“We don’t read and write poetry because it’s cute. We read and write poetry because we are members of the human race. And the human race is filled with passion. Medicine, law, business, engineering, these are all noble pursuits, and necessary to sustain life. But poetry, beauty,romance, love, these are what we stay alive for.
To quote from Whitman: “O me, o life of the questions of these recurring, of the endless trains of the faithless, of cities filled with the foolish. What good amid these, o me, o life?
Answer: that you are here. That life exists, and identity.
That the powerful play goes on, and you may contribute a verse.
That the powerful play goes on and you may contribute a verse.
What will your verse be?”
This is one of my favorite scenes in “Dead Poets Society”. I think that the idea of a Great Conversation spanning the whole of human history beautifully illustrates how we are connected to the past, influence the future, and are inherently connected to each other.
Not to promote some hippy dippy “We are all connected” crap, but more so to realize every word, action, thought, expression, kindness and evil will resonate out and continue to influence people far beyond our sight and lifetimes. It is impossible to predict how we will affect the course of human history.
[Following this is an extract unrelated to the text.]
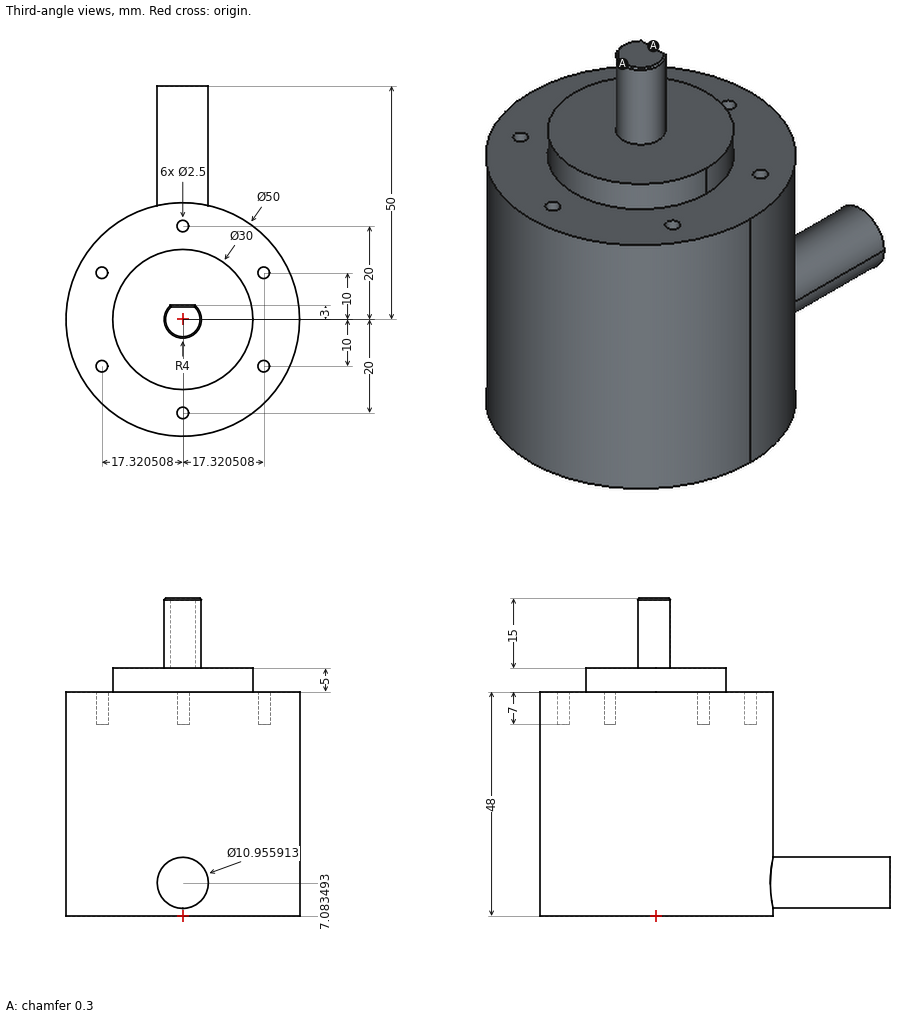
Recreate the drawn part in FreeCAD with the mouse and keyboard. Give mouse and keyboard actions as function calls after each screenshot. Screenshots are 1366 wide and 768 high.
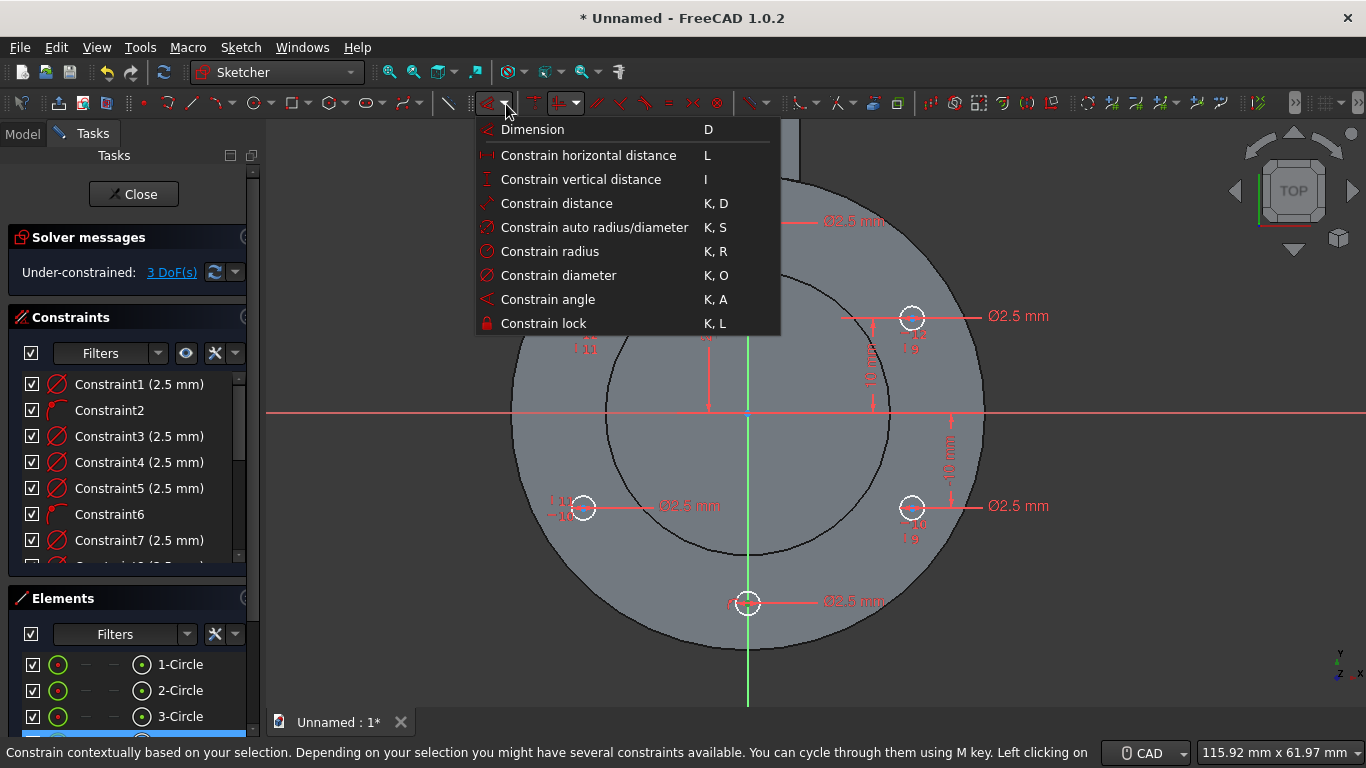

Perhaps we may create something of art or writing that influences millions, perhaps we speak a kind word and in doing do promote another to do so. Maybe we will inadvertently empower the next great atrocity. There really is no way to tell how far we will reverberate through infinity. We can however, more greatly affect the future closest to us, shifting possibilities by injecting new information into the system. We can affect probability of outcomes with our thoughts, words and actions. Some call it magic, and maybe it is. I call it life. Perhaps the two are contextually synonymous here.
We are the proverbial butterflies of chaos theory dancing about in human form.
This is the real life actualization of dreams.